● Entries taken from a collection:
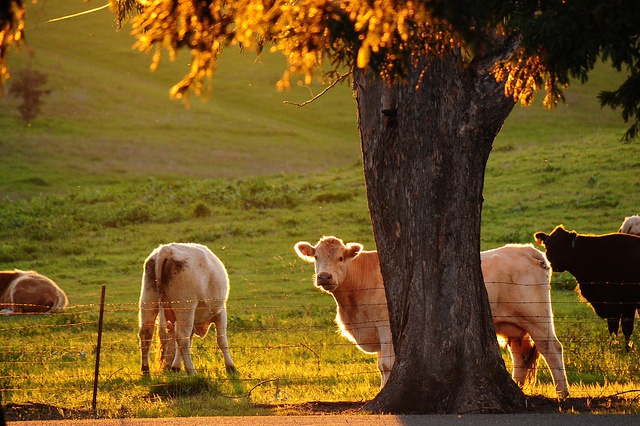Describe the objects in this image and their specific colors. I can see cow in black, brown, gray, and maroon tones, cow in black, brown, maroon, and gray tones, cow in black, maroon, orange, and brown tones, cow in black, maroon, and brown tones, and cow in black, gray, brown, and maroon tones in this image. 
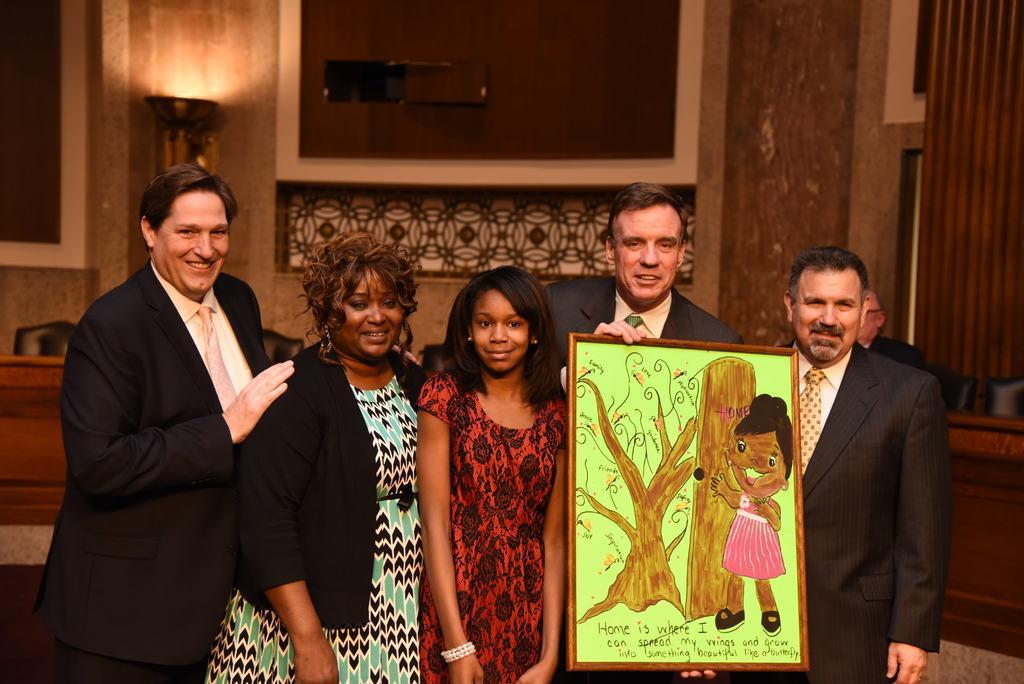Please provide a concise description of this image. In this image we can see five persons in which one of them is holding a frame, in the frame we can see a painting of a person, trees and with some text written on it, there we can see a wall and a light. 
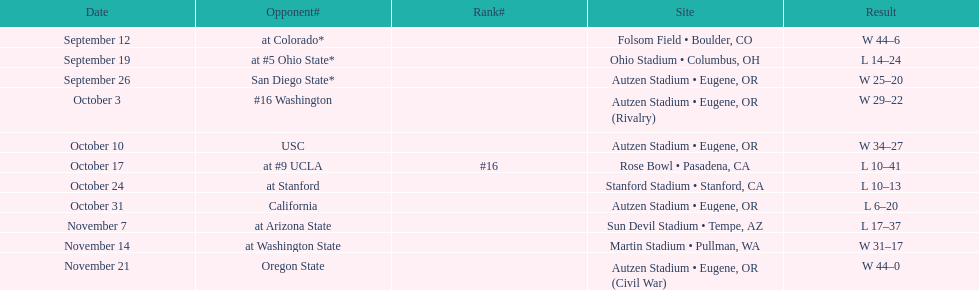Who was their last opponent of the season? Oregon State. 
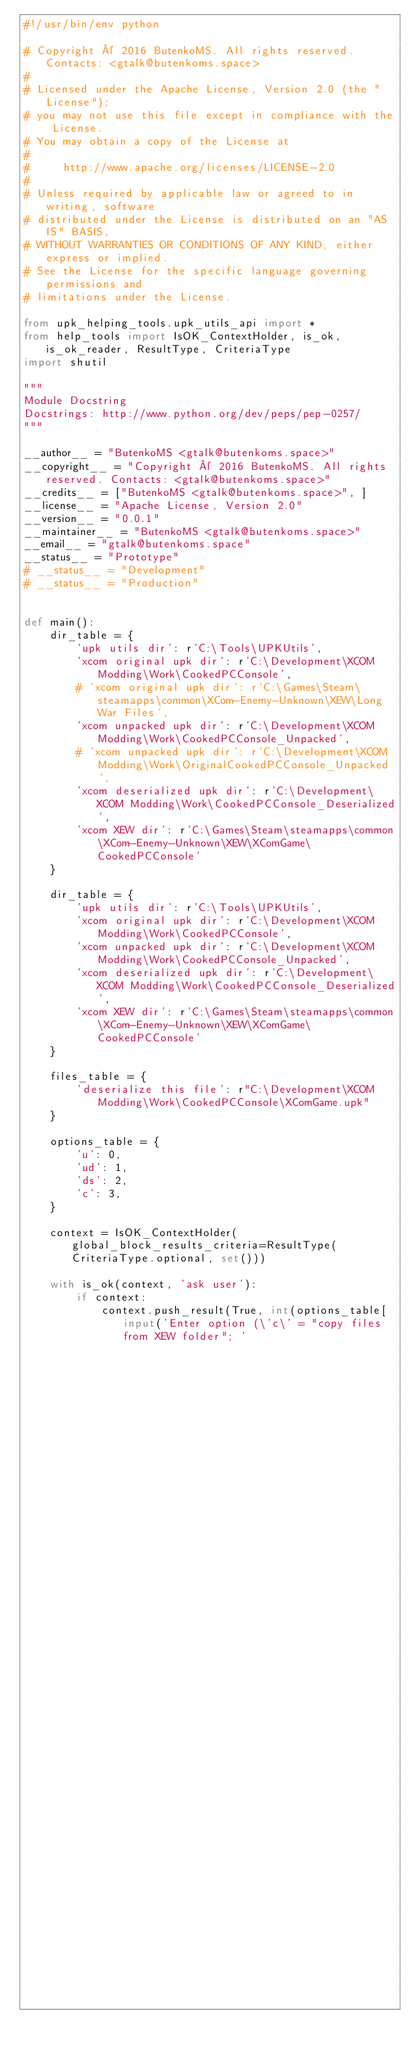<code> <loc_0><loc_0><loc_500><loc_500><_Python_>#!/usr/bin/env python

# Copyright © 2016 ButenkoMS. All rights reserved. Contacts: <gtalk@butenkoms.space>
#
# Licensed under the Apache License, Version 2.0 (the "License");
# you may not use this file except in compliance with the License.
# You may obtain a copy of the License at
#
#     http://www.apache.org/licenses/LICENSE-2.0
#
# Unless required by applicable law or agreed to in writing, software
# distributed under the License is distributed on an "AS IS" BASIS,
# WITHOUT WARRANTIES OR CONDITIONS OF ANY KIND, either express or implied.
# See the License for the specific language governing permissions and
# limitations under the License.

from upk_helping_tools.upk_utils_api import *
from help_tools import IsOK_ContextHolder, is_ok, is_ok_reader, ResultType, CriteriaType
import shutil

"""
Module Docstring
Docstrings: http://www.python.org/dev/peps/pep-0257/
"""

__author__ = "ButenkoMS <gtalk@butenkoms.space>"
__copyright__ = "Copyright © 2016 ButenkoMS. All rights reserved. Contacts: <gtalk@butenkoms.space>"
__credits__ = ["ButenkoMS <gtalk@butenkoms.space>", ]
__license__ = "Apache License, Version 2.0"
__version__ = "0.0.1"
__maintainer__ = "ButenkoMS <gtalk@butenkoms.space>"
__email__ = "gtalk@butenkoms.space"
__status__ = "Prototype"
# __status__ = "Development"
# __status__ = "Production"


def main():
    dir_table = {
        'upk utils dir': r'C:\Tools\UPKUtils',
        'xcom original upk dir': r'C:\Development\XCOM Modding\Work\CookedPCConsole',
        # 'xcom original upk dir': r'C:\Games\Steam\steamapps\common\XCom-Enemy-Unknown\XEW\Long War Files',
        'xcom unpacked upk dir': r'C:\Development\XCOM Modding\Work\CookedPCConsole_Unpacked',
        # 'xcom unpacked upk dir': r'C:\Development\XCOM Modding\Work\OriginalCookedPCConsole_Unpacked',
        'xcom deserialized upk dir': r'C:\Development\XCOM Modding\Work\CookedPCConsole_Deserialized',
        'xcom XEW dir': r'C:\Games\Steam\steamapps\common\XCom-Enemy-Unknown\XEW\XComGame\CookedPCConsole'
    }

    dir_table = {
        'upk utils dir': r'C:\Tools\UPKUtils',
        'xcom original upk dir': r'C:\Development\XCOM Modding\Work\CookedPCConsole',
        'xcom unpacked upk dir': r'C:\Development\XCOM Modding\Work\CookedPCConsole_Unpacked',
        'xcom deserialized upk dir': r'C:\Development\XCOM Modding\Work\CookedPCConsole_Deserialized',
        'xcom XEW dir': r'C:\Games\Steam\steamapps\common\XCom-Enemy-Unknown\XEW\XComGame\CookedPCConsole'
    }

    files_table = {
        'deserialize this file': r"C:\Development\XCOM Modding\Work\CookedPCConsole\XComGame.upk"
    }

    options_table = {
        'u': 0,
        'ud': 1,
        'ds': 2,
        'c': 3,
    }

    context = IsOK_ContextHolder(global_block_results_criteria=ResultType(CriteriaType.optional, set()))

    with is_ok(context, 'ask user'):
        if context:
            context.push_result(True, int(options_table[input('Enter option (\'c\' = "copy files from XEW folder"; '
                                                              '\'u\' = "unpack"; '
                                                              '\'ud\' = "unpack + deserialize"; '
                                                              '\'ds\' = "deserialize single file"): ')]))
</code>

● What you are asked to do:
Looking at the entries above, count the lines that hold the string "butenkoms" and reply with the count alone.

● Problem solution:
6